Ruby Bee could think of a lot of things that should have stopped them, and Arly could probably reel off a lot more. But asking the maids a few questions wasn’t near the same as getting arrested for trespassing at the Stonebridge Foundation. All she and Estelle were gonna do was satisfy their curiosity, for pity’s sake.
On that note, she opened a drawer and found a stubby pencil. “See if you can find out how to say ‘Brad Pitt’ in Spanish,” she suggested while she tore off a page from the order pad and turned it over.

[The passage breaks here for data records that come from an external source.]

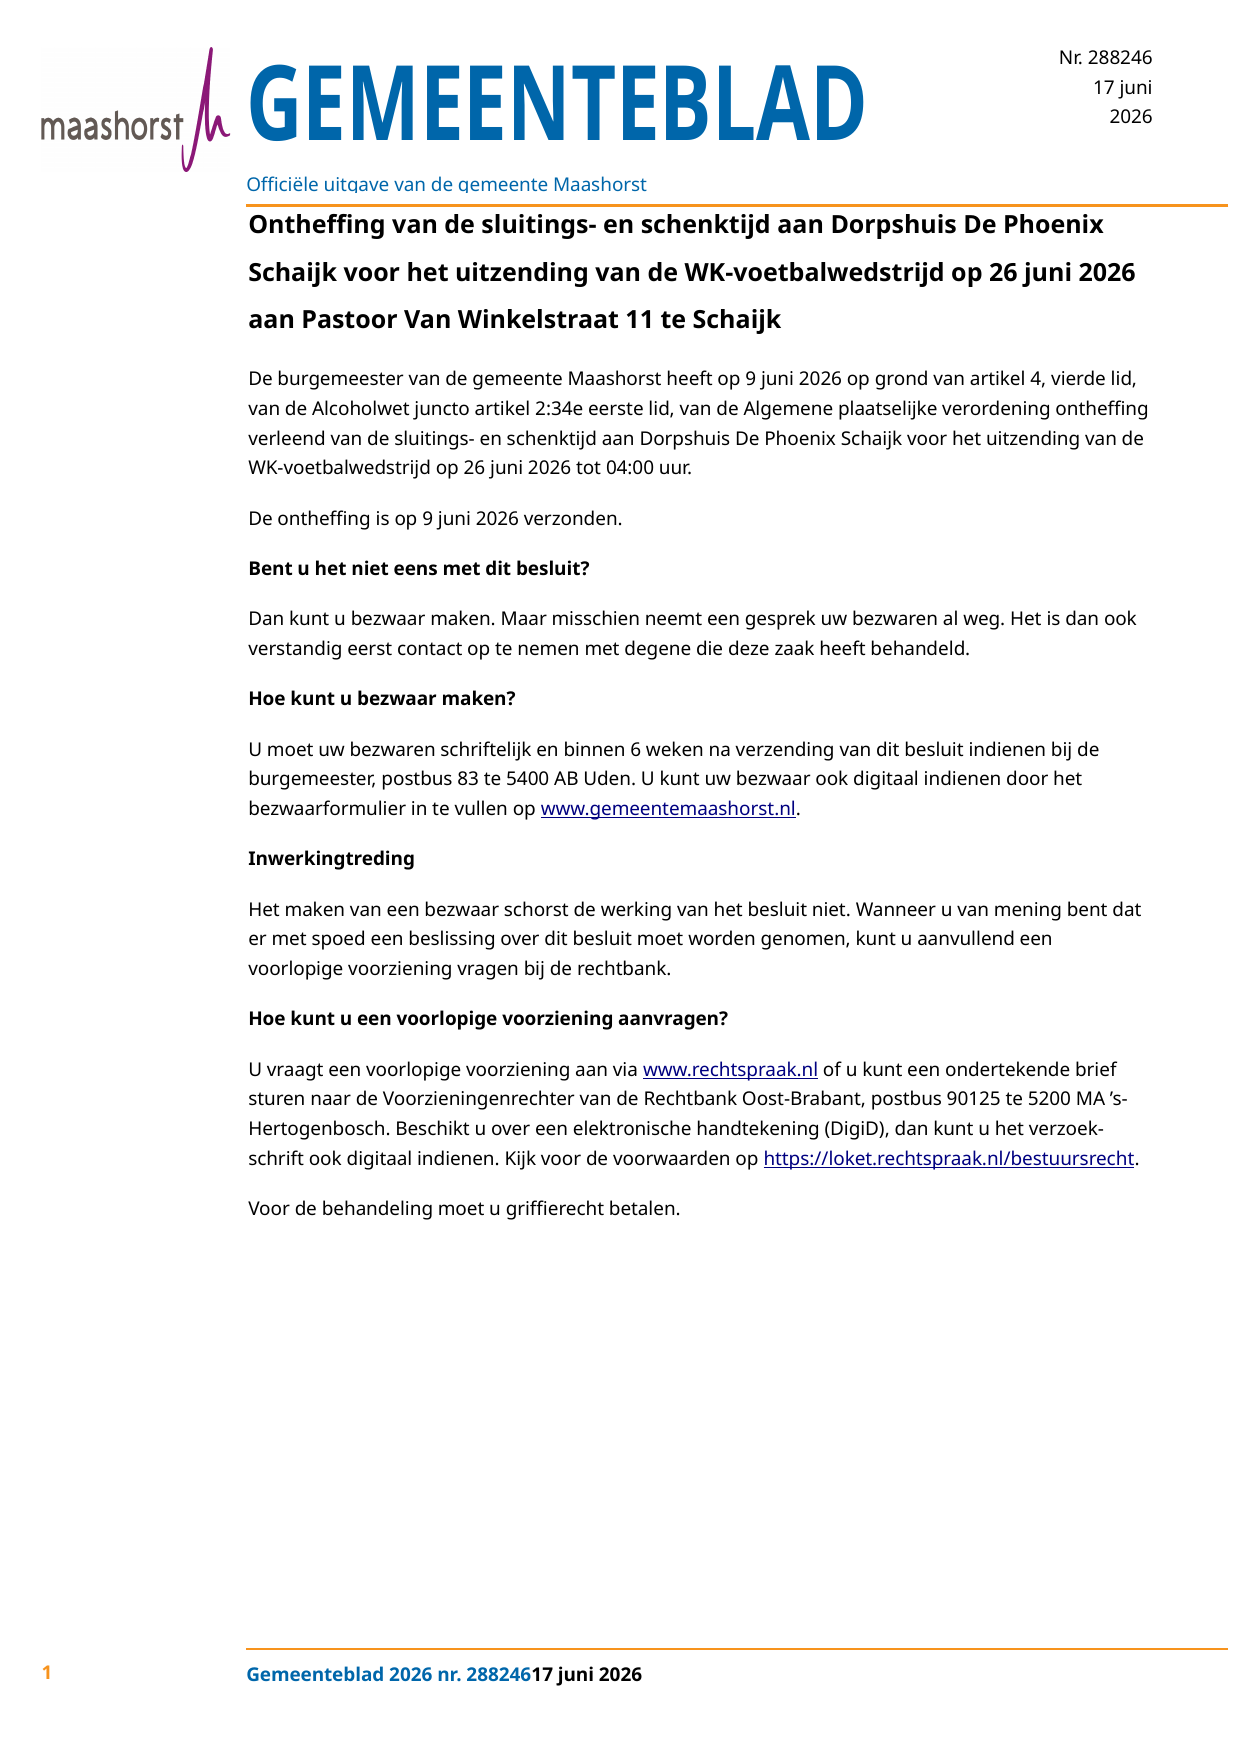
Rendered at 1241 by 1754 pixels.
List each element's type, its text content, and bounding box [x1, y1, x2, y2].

text Voor de behandeling moet u griffierecht betalen. [248, 1195, 1152, 1221]
text Het maken van een bezwaar schorst de werking van het besluit niet. Wanneer u van mening bent dat er met spoed een beslissing over dit besluit moet worden genomen, kunt u aanvullend een voorlopige voorziening vragen bij de rechtbank. [248, 896, 1152, 981]
text U vraagt een voorlopige voorziening aan via www.rechtspraak.nl of u kunt een ondertekende brief sturen naar de Voorzieningenrechter van de Rechtbank Oost-Brabant, postbus 90125 te 5200 MA ’s-Hertogenbosch. Beschikt u over een elektronische handtekening (DigiD), dan kunt u het verzoek-schrift ook digitaal indienen. Kijk voor de voorwaarden op https://loket.rechtspraak.nl/bestuursrecht. [248, 1056, 1152, 1170]
text Ontheffing van de sluitings- en schenktijd aan Dorpshuis De Phoenix Schaijk voor het uitzending van de WK-voetbalwedstrijd op 26 juni 2026 aan Pastoor Van Winkelstraat 11 te Schaijk [248, 207, 1152, 336]
text Dan kunt u bezwaar maken. Maar misschien neemt een gesprek uw bezwaren al weg. Het is dan ook verstandig eerst contact op te nemen met degene die deze zaak heeft behandeld. [248, 606, 1152, 661]
text Hoe kunt u bezwaar maken? [248, 686, 1152, 711]
text De burgemeester van de gemeente Maashorst heeft op 9 juni 2026 op grond van artikel 4, vierde lid, van de Alcoholwet juncto artikel 2:34e eerste lid, van de Algemene plaatselijke verordening ontheffing verleend van de sluitings- en schenktijd aan Dorpshuis De Phoenix Schaijk voor het uitzending van de WK-voetbalwedstrijd op 26 juni 2026 tot 04:00 uur. [248, 366, 1152, 480]
picture [41, 47, 231, 172]
text Inwerkingtreding [248, 846, 1152, 871]
text Hoe kunt u een voorlopige voorziening aanvragen? [248, 1006, 1152, 1031]
text U moet uw bezwaren schriftelijk en binnen 6 weken na verzending van dit besluit indienen bij de burgemeester, postbus 83 te 5400 AB Uden. U kunt uw bezwaar ook digitaal indienen door het bezwaarformulier in te vullen op www.gemeentemaashorst.nl. [248, 736, 1152, 821]
text Bent u het niet eens met dit besluit? [248, 555, 1152, 581]
text De ontheffing is op 9 juni 2026 verzonden. [248, 505, 1152, 530]
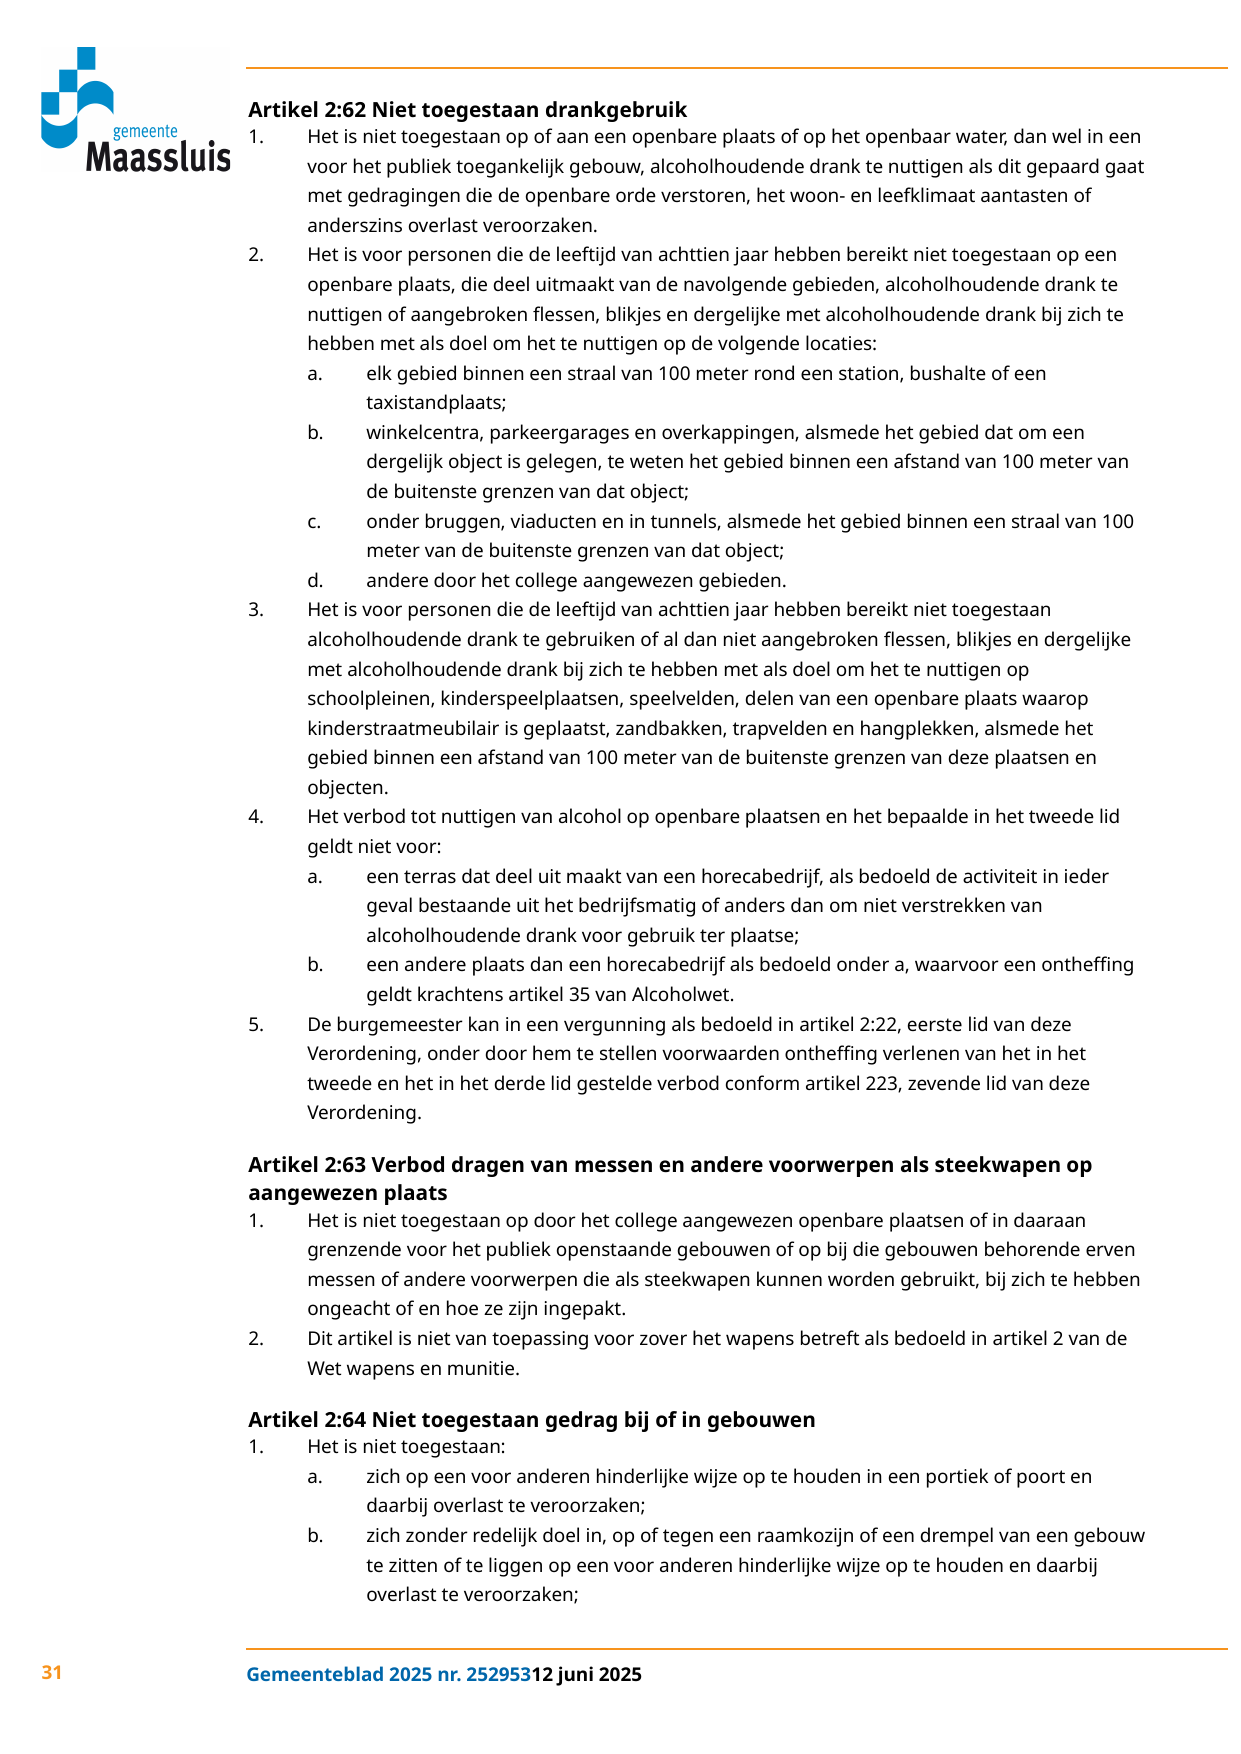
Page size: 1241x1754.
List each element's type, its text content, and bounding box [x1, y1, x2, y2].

list Dit artikel is niet van toepassing voor zover het wapens betreft als bedoeld in artikel 2 van de Wet wapens en munitie. [248, 1325, 1152, 1380]
list een terras dat deel uit maakt van een horecabedrijf, als bedoeld de activiteit in ieder geval bestaande uit het bedrijfsmatig of anders dan om niet verstrekken van alcoholhoudende drank voor gebruik ter plaatse; [307, 863, 1152, 948]
picture [41, 47, 231, 172]
list Het is voor personen die de leeftijd van achttien jaar hebben bereikt niet toegestaan op een openbare plaats, die deel uitmaakt van de navolgende gebieden, alcoholhoudende drank te nuttigen of aangebroken flessen, blikjes en dergelijke met alcoholhoudende drank bij zich te hebben met als doel om het te nuttigen op de volgende locaties: [248, 242, 1152, 356]
list Het verbod tot nuttigen van alcohol op openbare plaatsen en het bepaalde in het tweede lid geldt niet voor: [248, 804, 1152, 859]
list een andere plaats dan een horecabedrijf als bedoeld onder a, waarvoor een ontheffing geldt krachtens artikel 35 van Alcoholwet. [307, 952, 1152, 1007]
list zich zonder redelijk doel in, op of tegen een raamkozijn of een drempel van een gebouw te zitten of te liggen op een voor anderen hinderlijke wijze op te houden en daarbij overlast te veroorzaken; [307, 1522, 1152, 1607]
list Het is niet toegestaan op of aan een openbare plaats of op het openbaar water, dan wel in een voor het publiek toegankelijk gebouw, alcoholhoudende drank te nuttigen als dit gepaard gaat met gedragingen die de openbare orde verstoren, het woon- en leefklimaat aantasten of anderszins overlast veroorzaken. [248, 123, 1152, 238]
list onder bruggen, viaducten en in tunnels, alsmede het gebied binnen een straal van 100 meter van de buitenste grenzen van dat object; [307, 508, 1152, 563]
list andere door het college aangewezen gebieden. [307, 567, 1152, 593]
list De burgemeester kan in een vergunning als bedoeld in artikel 2:22, eerste lid van deze Verordening, onder door hem te stellen voorwaarden ontheffing verlenen van het in het tweede en het in het derde lid gestelde verbod conform artikel 223, zevende lid van deze Verordening. [248, 1011, 1152, 1125]
list Het is niet toegestaan: [248, 1433, 1152, 1459]
list winkelcentra, parkeergarages en overkappingen, alsmede het gebied dat om een dergelijk object is gelegen, te weten het gebied binnen een afstand van 100 meter van de buitenste grenzen van dat object; [307, 419, 1152, 504]
picture [41, 47, 77, 92]
list zich op een voor anderen hinderlijke wijze op te houden in een portiek of poort en daarbij overlast te veroorzaken; [307, 1463, 1152, 1518]
list elk gebied binnen een straal van 100 meter rond een station, bushalte of een taxistandplaats; [307, 360, 1152, 415]
list Het is voor personen die de leeftijd van achttien jaar hebben bereikt niet toegestaan alcoholhoudende drank te gebruiken of al dan niet aangebroken flessen, blikjes en dergelijke met alcoholhoudende drank bij zich te hebben met als doel om het te nuttigen op schoolpleinen, kinderspeelplaatsen, speelvelden, delen van een openbare plaats waarop kinderstraatmeubilair is geplaatst, zandbakken, trapvelden en hangplekken, alsmede het gebied binnen een afstand van 100 meter van de buitenste grenzen van deze plaatsen en objecten. [248, 597, 1152, 800]
text Artikel 2:62 Niet toegestaan drankgebruik [248, 95, 1152, 123]
list Het is niet toegestaan op door het college aangewezen openbare plaatsen of in daaraan grenzende voor het publiek openstaande gebouwen of op bij die gebouwen behorende erven messen of andere voorwerpen die als steekwapen kunnen worden gebruikt, bij zich te hebben ongeacht of en hoe ze zijn ingepakt. [248, 1207, 1152, 1321]
text Artikel 2:64 Niet toegestaan gedrag bij of in gebouwen [248, 1405, 1152, 1433]
text Artikel 2:63 Verbod dragen van messen en andere voorwerpen als steekwapen op aangewezen plaats [248, 1150, 1152, 1207]

Kevin sat on the loading dock behind the SuperSaver, so slumped over he was in danger of tumbling off. He felt like he was strapped to two mules, each of them determined to go in a different direction. If he went to his pa’s house and told him that his ma was in Wyoming, he’d get his ass whupped something awful. If he went hom
e and told Dahlia, he’d spend the rest of the night listening to her bawl him out like it was his fault. Little Kevvie Junior and Rose Marie would get all scared and start screaming, and he didn’t even want to think what Dahlia’s granny might do. The last time she’d gotten spooked, she’d spent half the day on the roof, gnawin’ shingles.
He darn near jumped out of his skin when a hand clamped down on his shoulder. Before he could turn around, Jim Bob sat down next to him and said, “Shouldn’t you be at home, boy?”
“I was just sittin’ here for a minute,” he said, hoping he wasn’t gonna get chewed out again about the ice cream. There were sticky patches at the end of the dock, although it was hard to see ’em under the swarm of yellow jackets and flies. “You want me to hose it down before I leave? I could get a scrub brush and—”
”Naw, it can wait till tomorrow.” Jim Bob took a pint bottle of whiskey out of his pocket. “Wanna snort?”
Kevin gaped at him. “No, sir. I mean, it’s right kindly of you to offer, but if I go home and Dahlia smells it, she’ll smack me across the room. She’s got a nose like a bloodhound.”
“Women,” Jim Bob muttered. “Sometimes they get too big for their britches. You got to remind ’em of their place before they get so uppity that ain’t no one can tell them what to do. Am I right, boy?”
“Oh, yeah, Jim Bob, right as rain. Jest this morning Dahlia—”
”The only thing we can do is stop ’em before they start screeching about how they’re better than us men. The minute they start bossing us around, we might as well put on their pantyhose and start scrubbing toilets.” He took a gulp of whiskey and offered the bottle to Kevin. “Don’t sit there like you’re already pussy-whipped. If you want to have a snort after work, it ain’t none of Dahlia’s business. You ain’t no little sissy in short pants. Go on, take it.”